● **The problem**
If a line in the listing below includes the word "text", pick it out.

● **Supplied material**
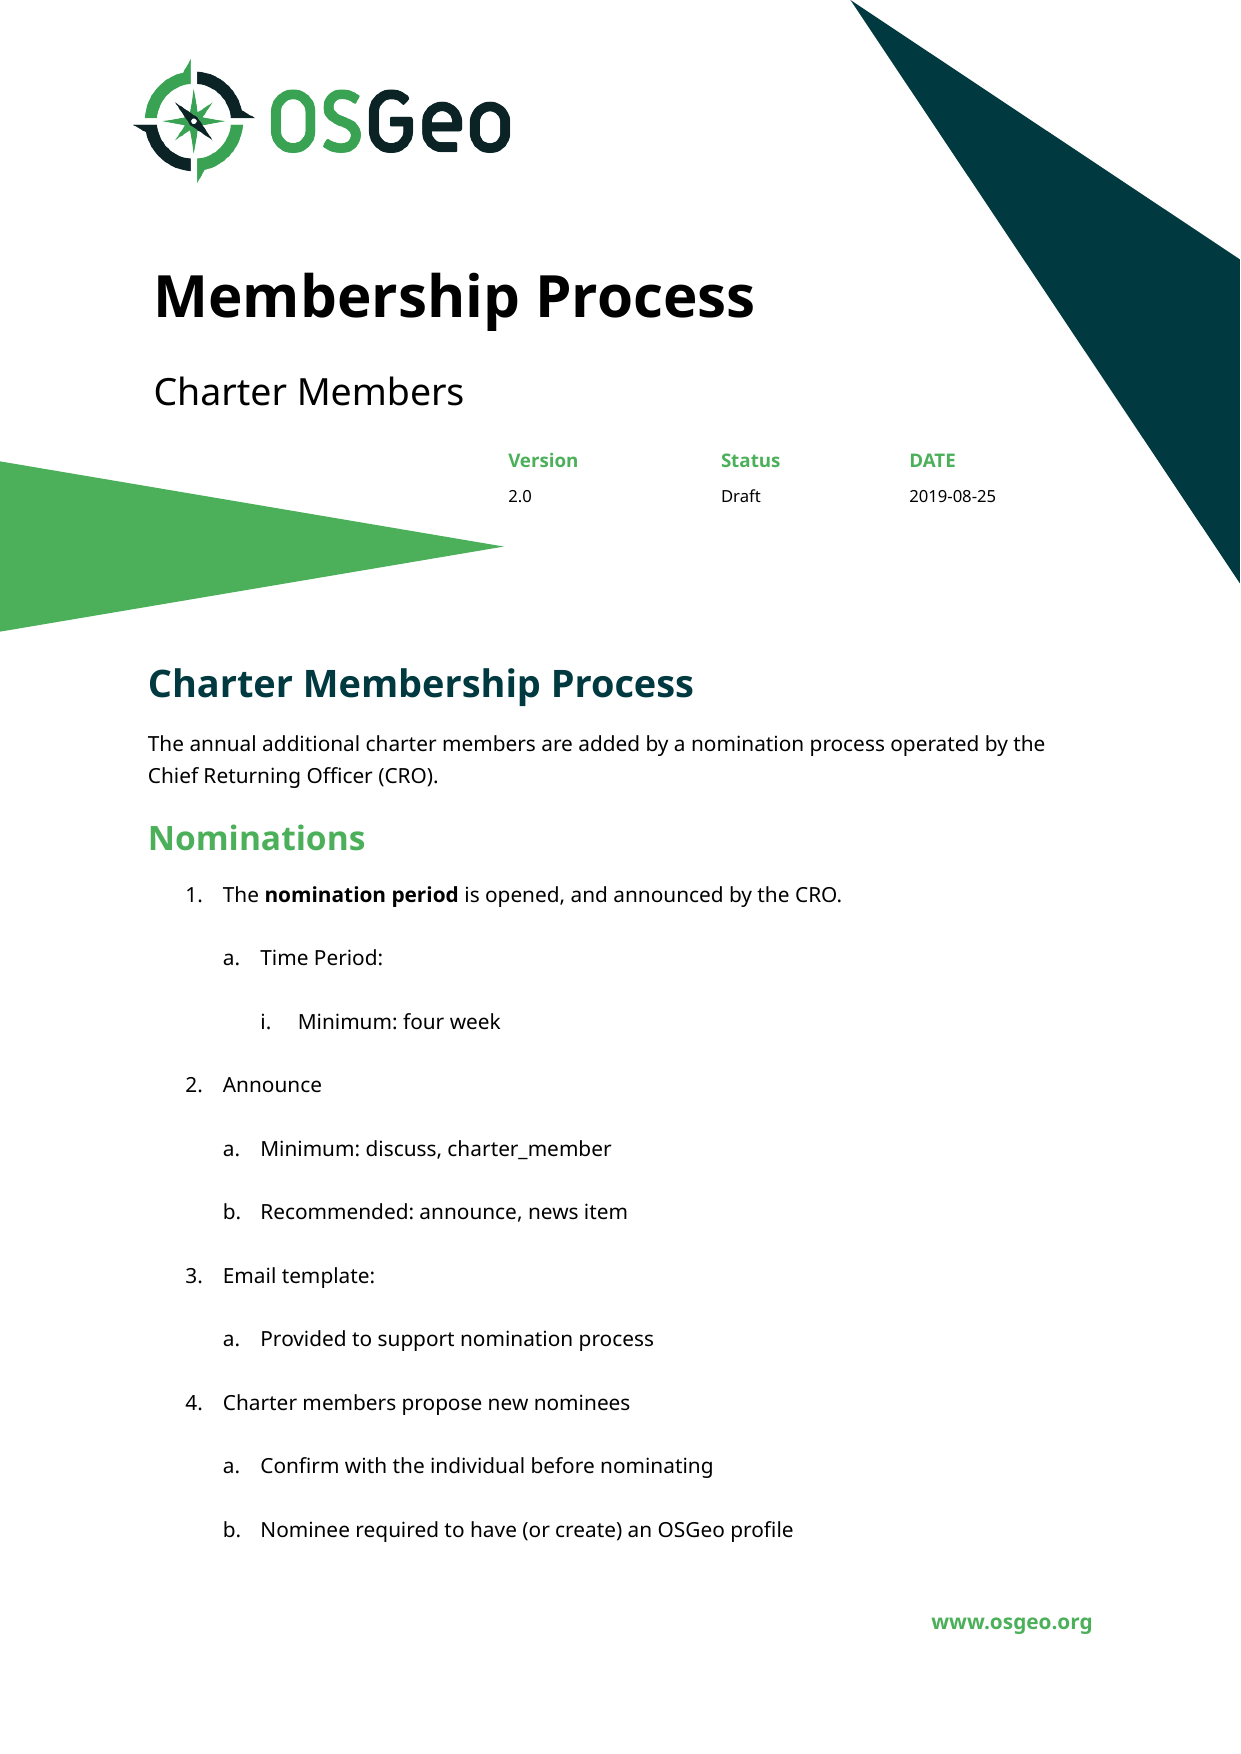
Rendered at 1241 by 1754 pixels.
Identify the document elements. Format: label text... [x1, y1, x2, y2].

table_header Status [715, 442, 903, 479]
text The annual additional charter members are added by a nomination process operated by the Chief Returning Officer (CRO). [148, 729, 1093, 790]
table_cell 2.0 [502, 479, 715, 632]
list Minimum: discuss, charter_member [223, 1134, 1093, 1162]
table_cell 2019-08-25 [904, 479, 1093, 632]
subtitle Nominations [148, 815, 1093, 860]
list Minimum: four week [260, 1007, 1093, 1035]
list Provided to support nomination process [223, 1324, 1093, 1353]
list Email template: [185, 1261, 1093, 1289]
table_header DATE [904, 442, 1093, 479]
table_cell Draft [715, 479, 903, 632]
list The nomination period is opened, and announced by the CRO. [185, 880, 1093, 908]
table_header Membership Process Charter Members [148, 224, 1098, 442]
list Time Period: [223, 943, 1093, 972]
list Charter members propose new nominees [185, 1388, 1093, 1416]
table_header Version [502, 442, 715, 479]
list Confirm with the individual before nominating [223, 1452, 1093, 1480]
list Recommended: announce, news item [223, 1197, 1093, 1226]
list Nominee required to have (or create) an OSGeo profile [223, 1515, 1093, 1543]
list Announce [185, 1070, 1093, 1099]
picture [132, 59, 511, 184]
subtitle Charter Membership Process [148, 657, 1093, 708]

● **Answer box**
Identify the document elements. Format: label text... [x1, y1, x2, y2].
text The annual additional charter members are added by a nomination process operated by the Chief Returning Officer (CRO). [148, 729, 1093, 790]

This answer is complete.